The Beechers.—Lyman Beecher (1775–1863) represents the other extreme, of traditional orthodoxy, and the reaction against the trend of Unitarianism. He was a stern and virile personality, rigorous in habit, and in his expectation of righteousness in others, withal friendly and benign. His son, Henry Ward Beecher (1813–1887), according to the testimony of the daughter and sister, Harriet Beecher Stowe, as a child was deficient in verbal memory—a thing which he never outgrew,—diffident, sensitive, thick and indistinct in his speech. In the midst of a talented family that was much given to theological argument, his powers were gradually developed. At Laurenceburg, Ohio, his first charge, he was sexton as well as preacher. He came before the public through his defence of the negro in The Cincinnati Journal. At Indianapolis his reputation grew, for his independent spirit and direct, informal style proved very attractive; and when he had been called to Plymouth Church in Brooklyn, the people crowded over from New York to hear him. Beecher studied every-day life in the streets and shops of the metropolis; his discourses on popular topics, good government and the like, unconventionally treated, gave his audiences what they liked. His sympathies were non-sectarian, he had his finger on the pulse of every gathering, his well of common sense was overflowing, and he was fearless to the point of audacity, carrying the art of the mimic into the very pulpit. His preaching, in fact, sometimes bordered upon dangerous self-assertion. He rose to eminence, as Bacon might say, by a combination of good with questionable arts. But the mixture was mainly good. In Beecher’s discussion of slavery, Calhoun, who was not easily deceived, saw that the preacher knew how to get to the bottom of his subject. His good-humour, and pluck, and immense patriotism before hostile crowds in England (1863) greatly helped to deter that nation from recognising the Southern Confederacy.

Theorists on Pulpit Eloquence.—Beecher’s “Yale Lectures on Preaching” disclose how large an element there was in his oratory of conscious adaptation of means to ends.
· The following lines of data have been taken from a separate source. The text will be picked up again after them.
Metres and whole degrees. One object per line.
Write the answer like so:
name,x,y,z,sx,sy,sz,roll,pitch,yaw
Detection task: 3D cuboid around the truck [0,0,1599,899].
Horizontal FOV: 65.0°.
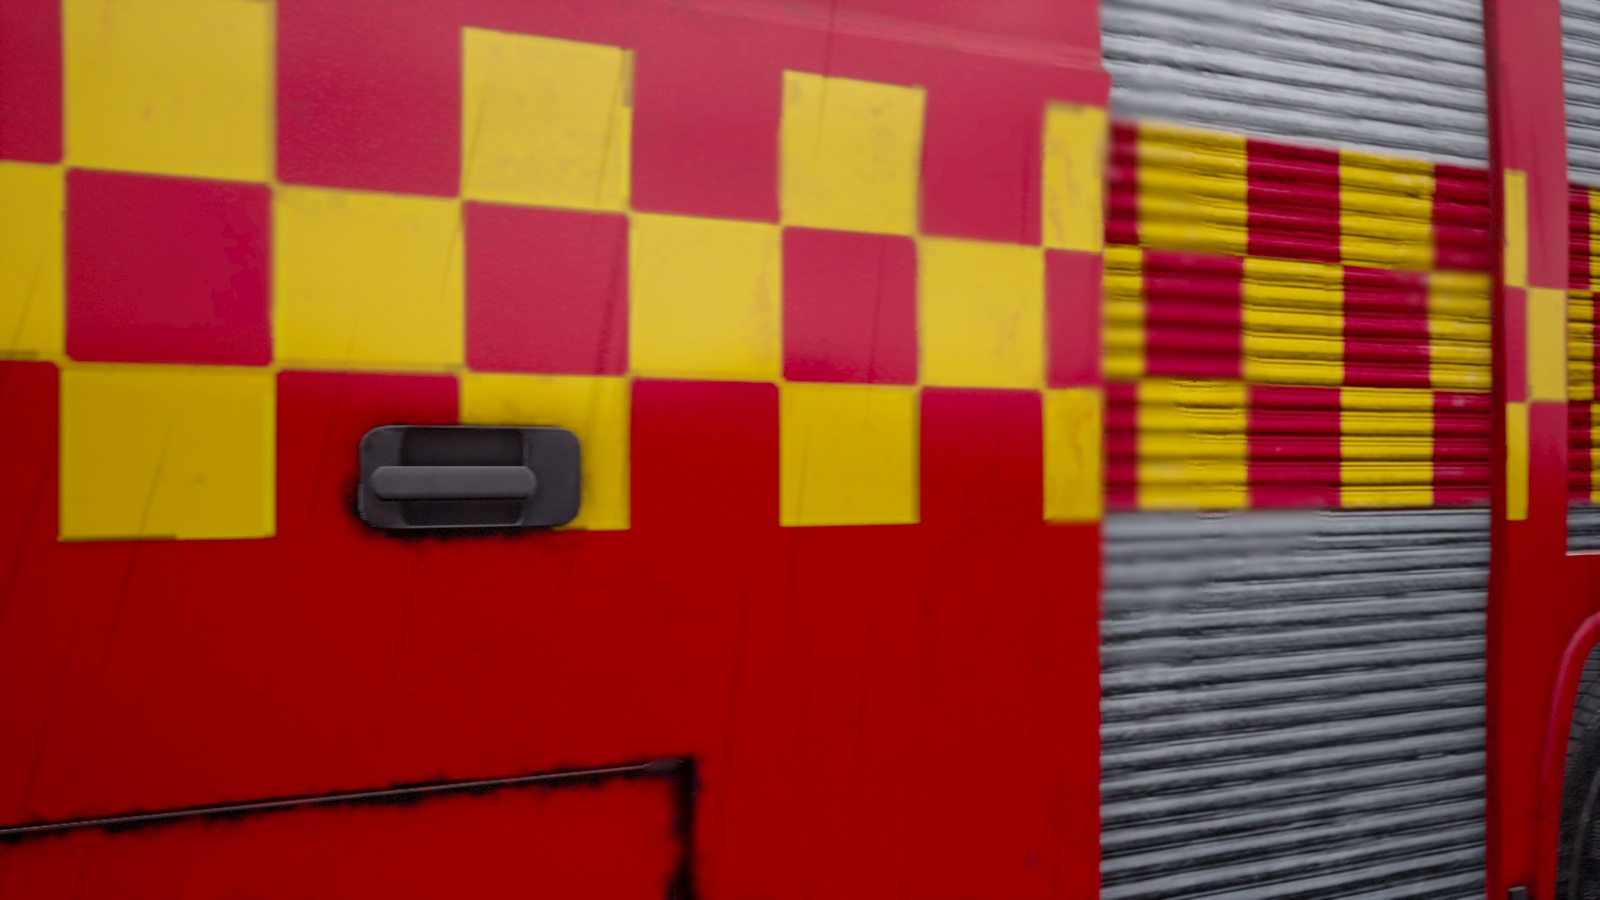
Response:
truck,-0.921,-0.402,2.933,8.468,3.827,2.891,0,0,-24

They belong to an extensive and interesting branch of American literature, to which Phillips Brooks, J. A. Broadus, E. G. Robinson, R. S. Storrs, J. W. Alexander, and many others have made contributions. James Waddell Alexander (1804–1859), son of Archibald Alexander of Princeton Seminary, left his “Thoughts on Preaching” to be published in 1864. “The Preparation and Delivery of Sermons,” by John Albert Broadus (1827–1895), President of the Southern Baptist Theological Seminary, represents the theory of a trainer of preachers, himself a winning orator with a consciously developed instinct: “Everybody who can speak effectively knows that the power of speaking depends very largely upon the way it is heard, upon the sympathy one succeeds in gaining from those he addresses.” To insure sympathy—his watchword,—Broadus preached without manuscript. In general, as here, his syntax is not finely moulded. With these might be mentioned another clergyman, Chauncey Allen Goodrich (1790–1860), for forty-three years professor at Yale, whose “Select British Eloquence” set a standard of illuminating scholarship.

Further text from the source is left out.